The Prisoner (Bonnie's Imagined End After Clyde Is Killed)



BONNIE'S OWN POEM

01:
Dull the prison walls were gleaming
In the moonbeams golden glow
On that lonely July evening
Near a couple of years ago

02:
And behind the steel barred windows
Stood a prisoner just a girl
With her fearless blue eyes weeping
Haunting for the outside world

03:
All along the moonlit spaces
Stealthy shadows softly crept
Till at length exhausted prisoners
Closed their weary eyes and slept

04:
Came a hand laid on her shoulder
And her buddy ill at ease
Lest her friend be too despondent
So she then began to tease

05:
''Come my pal and sit beside me
Tell me what is on your mind
You have shared with me your pleasures
Now your sorrow should be mine''

06:
Said the sad one for an answer
Dear my time is almost done
Now I leave you on the 'morrow
By the setting of the sun

07:
Fair you are my little partner
What a pal you've always been
And upon my sad departure
You will take my ownings then

08:
Send my letters back to mother
They are tokens of her love
Tell her dear to please don't worry
I will wait for her above

09:
Tell her that I love her dearly
Make a promise now to me
That you'll go and live with mother
Make her happy when you're free

10:
Here's a picture of my darling
I shall trust unto your keep
He was killed when I was captured
Now he rests in peaceful sleep

11:
All those years I stayed beside him
For my love for him was true
And I was tried unjustly
For a crime I didn't do

12:
All this time I've been in prison
Days & nites have been so blue
Till I have begun to wonder
If the tales of God are true

13:
When the skies are grey above me
And the earth is cold & grim
And when all my tears and pleadings
Brings no answer down from him

14:
Dawned the next relentless morning
And the sun's unpitying eye
Looked upon the haggard prisoner
Looked to see her slowly die

15:
All day long the mournful whispers
Came from prisoners clad in grey
Mournful whispers for the deed
And whose pardon came that day

16:
Dull the prison walls are gleaming
In the moonbeams golden light
Shadows on another convict
At the cold steel bars tonight

17:
Many be the innocent victims
And their sorrows are not few
Who have sacrificed their freedom
For a crime they didn't do

END


Historical Note:

In this poem written near the end, in the spring of 1934, Bonnie Parker foretells her own end, after she ''goes down'' with Clyde Barrow and is captured after Clyde is killed.

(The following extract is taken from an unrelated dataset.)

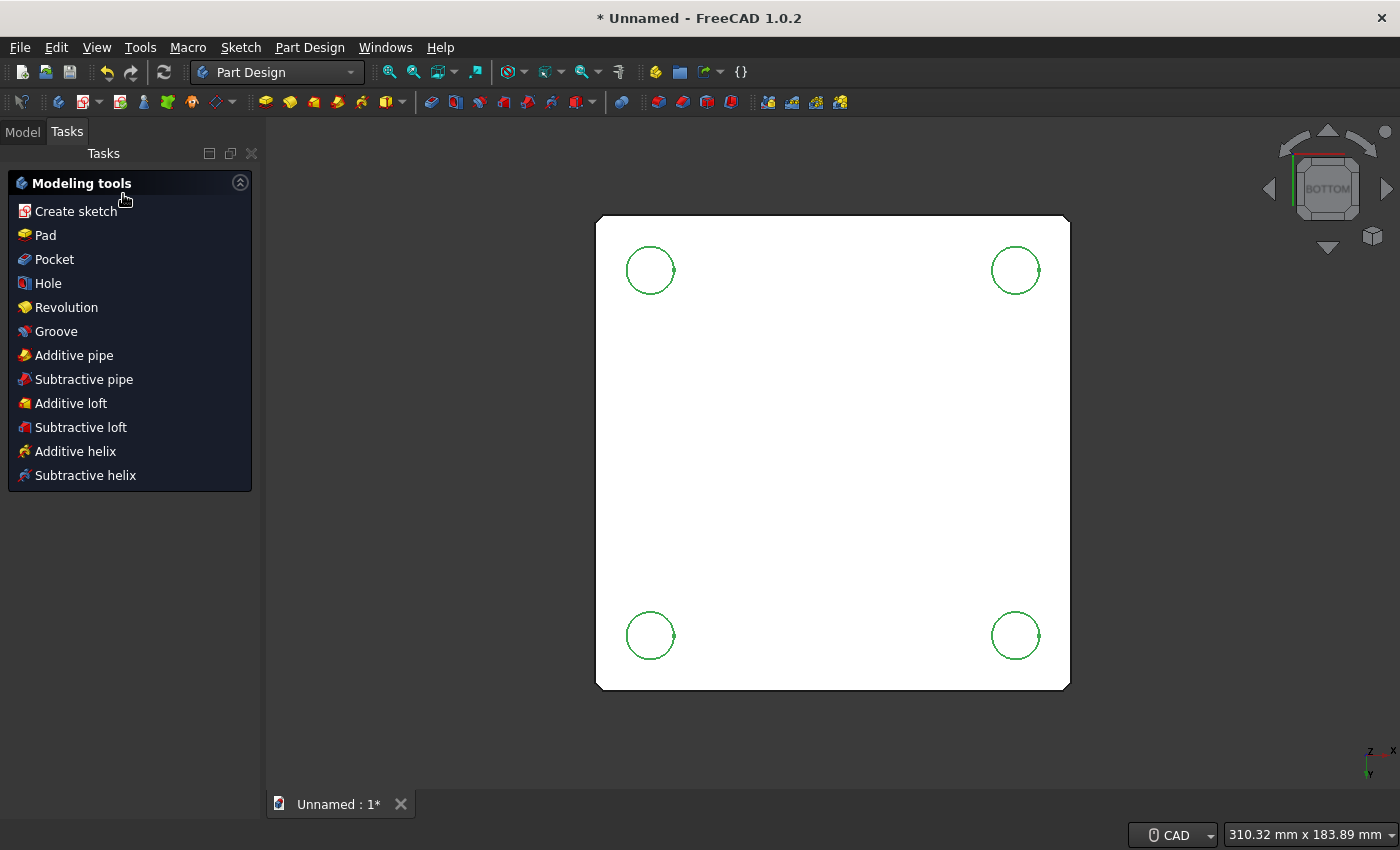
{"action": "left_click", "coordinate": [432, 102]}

Previously she herself had ''gone down'' and been captured together with Ralph Fults while Clyde had managed to escape and she'd spent two months in Kaufman County jail for it. She also had the example of Blanche ''going down'' with Buck and being captured beside a mortally wounded Buck in 'Dexfield Park' Iowa. Bonnie often reminisced that had it been Clyde wounded and unable to escape instead of Buck, then she would have been the one to ''go down'' and be captured instead of Blanche. But in a short period of time when she lay hidden in brush with W.D. Jones, when they heard volleys of gunfire and thought Clyde had been killed, Bonnie had expressed her intention to suicide to W.D.. Just as W.D. was preparing to shoot Bonnie at her request, Clyde appeared. So it seems that had it been Clyde and Bonnie to 'go down' in 'Dexfield Park' instead of Buck and Blanche, certainly Clyde and perhaps also Bonnie would have suicided rather than allow themselves to be captured. This foretold Bonnie's suicidal mindset.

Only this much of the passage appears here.